0
$\begingroup$

First hello all. i have a homework with 10 question but im stuck with 3 i searched about them everywhere read other colleges lectures but i couldnt solved them finally i desired to ask here

Question-2:

Prove that each positive integer can be written in form of $2^k*q$, where q is odd, and k is a non-negative integer.

Hint: Use induction, and the fact that the product of two odd numbers is odd.

Question-6:

$ (x+y)^n = \sum_{k=0}^n C(n,k)*x^{n-k}*y^k = {n^2+n\over 2} $ Prove the above statement by using induction on n.

Question-7:

Let $ n_1, n_2, ..., n_t $ be positive integers.

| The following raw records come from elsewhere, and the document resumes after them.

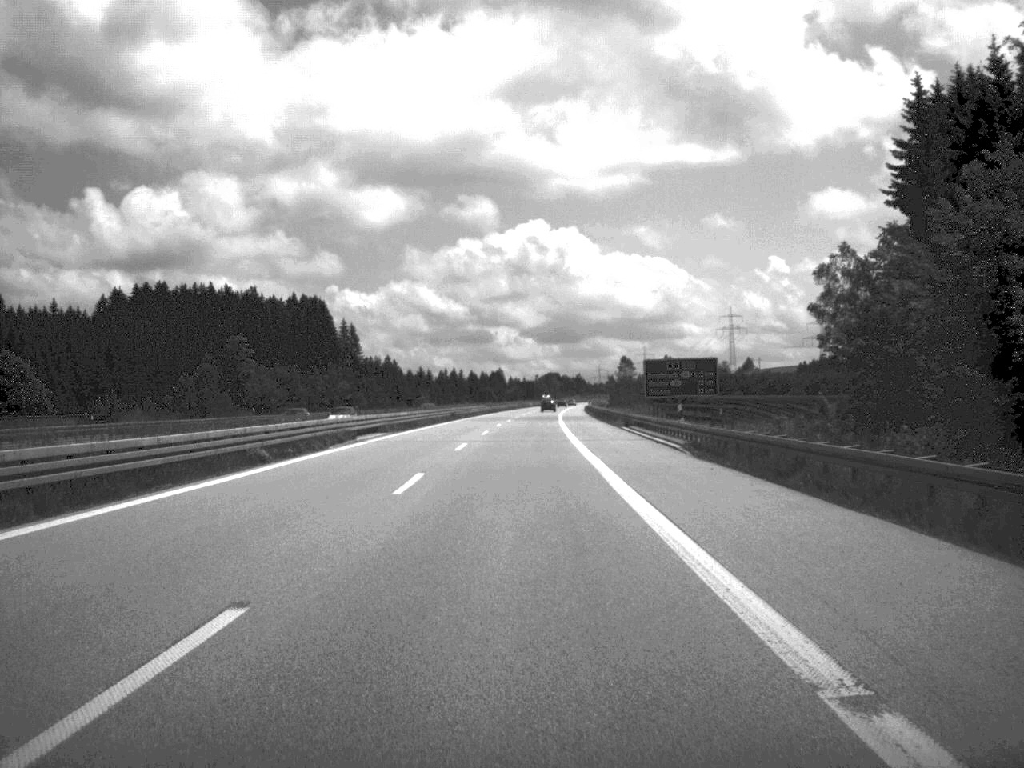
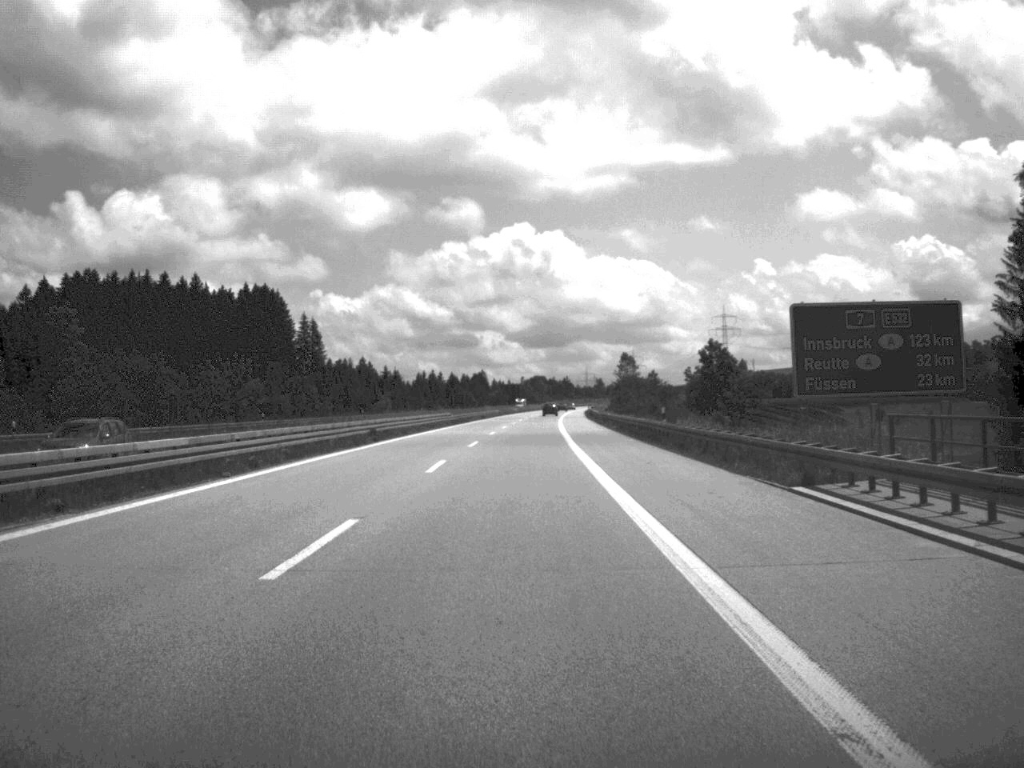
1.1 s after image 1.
(+0.2, +45.3) m; +1°
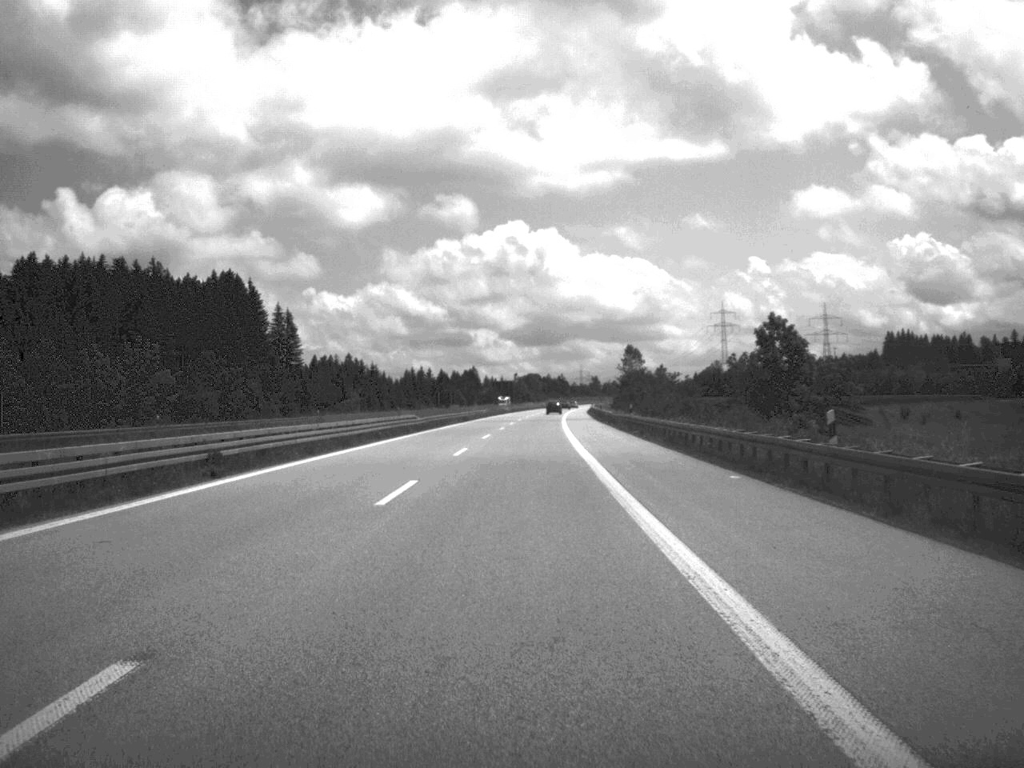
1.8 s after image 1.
(+0.1, +27.5) m; 0°
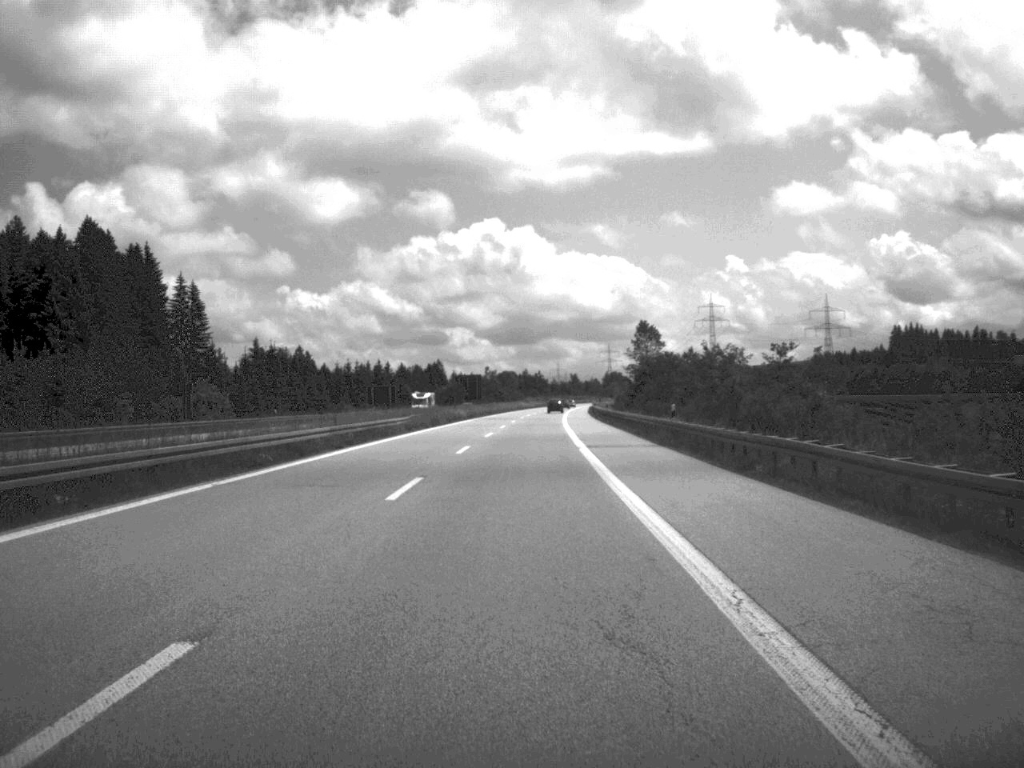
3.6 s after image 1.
(+0.6, +70.3) m; +1°
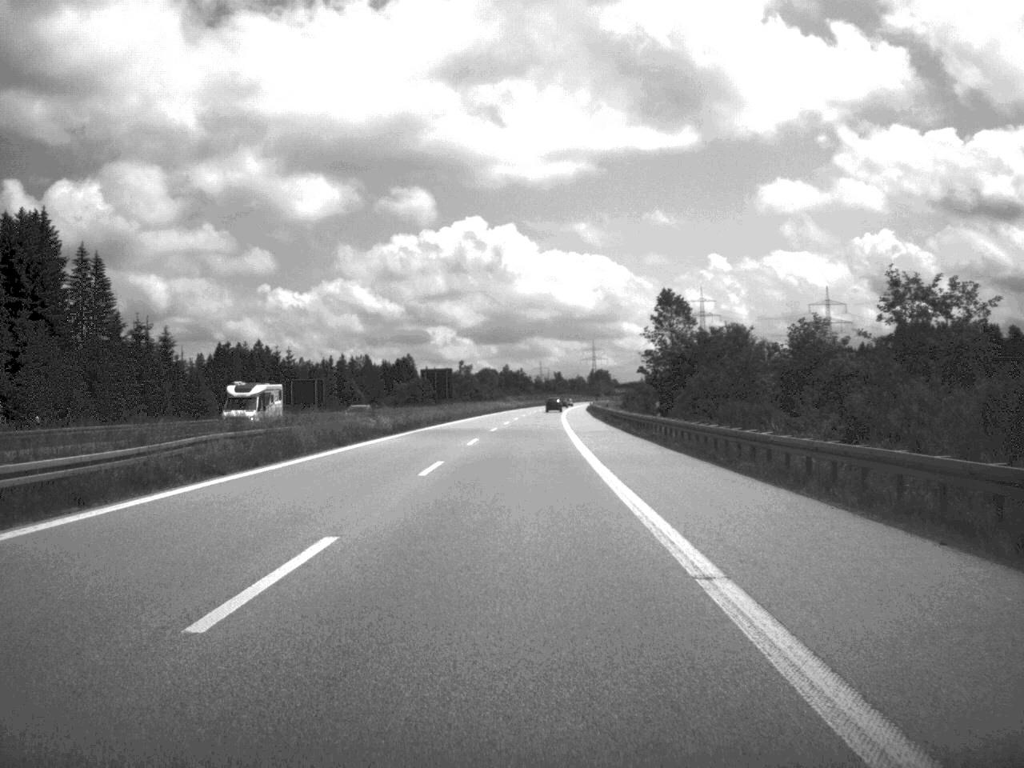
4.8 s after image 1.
(+0.3, +47.1) m; +1°
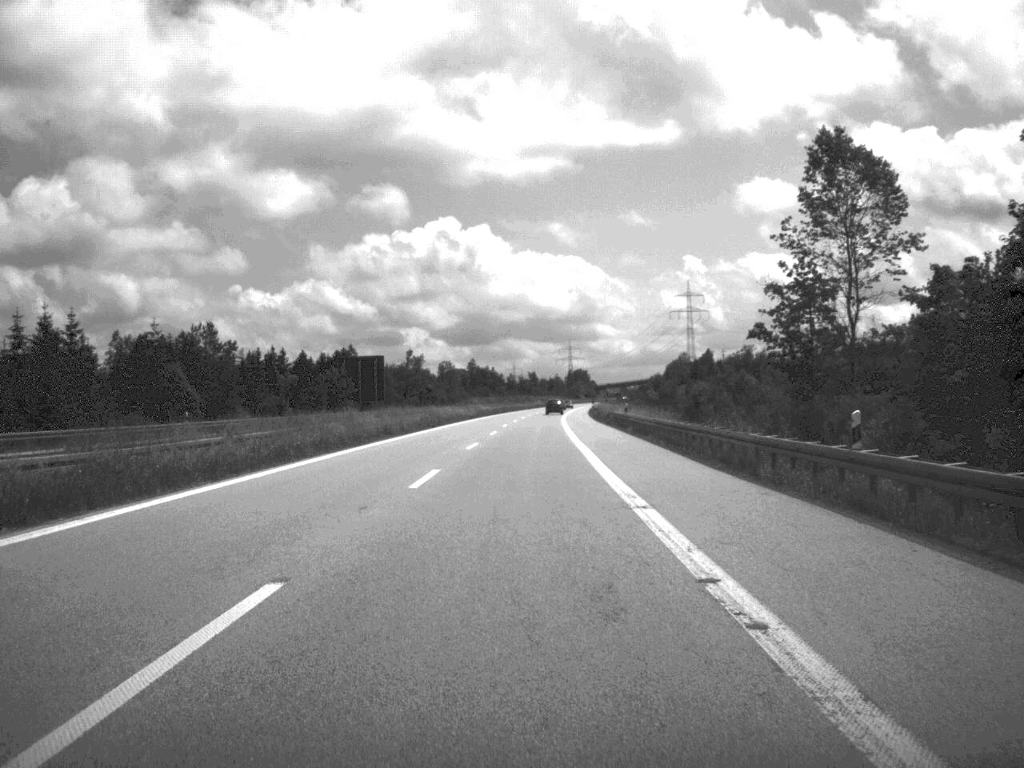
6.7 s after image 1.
(+0.6, +74.2) m; +1°

Show that if $ n_1 + n_2 + ... + n_t - t + 1 $ objects are placed into $ t $ boxes, then for some i, $ i = 1, 2, 3, ... , t $ , the ith box contains at least $ n_i $ objects.

Your proof should not be more than 3 lines

  • 0
    Intuition-- for Q2: Try to come up with an even number that doesn't have 2 as its divisor. For Q7: try a placement with $n_{i}-1$ objects at each $n_{i}$.2012-12-15

2 Answers 2

3

(2) Certainly we can write $1=2^0\cdot1$. Now suppose that $n>1$, and every positive integer less than $n$ can be written in the desired form. (This is your induction hypothesis.) Then either $n$ is odd, or $n$ is even. If $n$ is odd, we can write $n=2^0\cdot n$ to express $n$ in the desired form. If $n$ is even, then $n=2m$ for some positive integer $m. By the induction hypothesis there are a non-negative integer $k$ and an odd integer $q$ such that $m=2^k\cdot q$; how can you use this to express $n$ in the desired form? (This is not quite the proof that the author of the hint had in mind; it’s actually a bit easier.)

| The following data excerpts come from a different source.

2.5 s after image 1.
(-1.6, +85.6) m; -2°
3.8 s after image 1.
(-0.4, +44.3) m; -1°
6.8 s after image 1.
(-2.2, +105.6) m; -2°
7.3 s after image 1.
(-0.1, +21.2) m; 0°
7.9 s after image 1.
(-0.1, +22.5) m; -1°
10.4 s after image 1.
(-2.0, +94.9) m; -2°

(6) As stated, this does not make sense. It’s true that $(x+y)^n=\sum_{k=0}^n\binom{n}kx^{n-k}y^k\;;$ this is the binomial theorem. It is not true that this equals $\dfrac{n^2+n}2$; this is obvious just from the fact that $\dfrac{n^2+n}2$ doesn’t depend on $x$ and $y$. What is true is that $\sum_{k=0}^nk=\frac{n^2+n}2\;;$ is this what you’re actually supposed to prove?

(7) Let $m_i$ be the number of objects in the $i$-th box, and suppose that $m_i for $i=1,\dots,t$. Then $m_i\le n_i-1$ for $i=1,\dots,t$, so how big can $\sum_{i=1}^tm_i$ be?

0

(2) For the hint the author probably had in mind: think about prime factorizations of positive integers.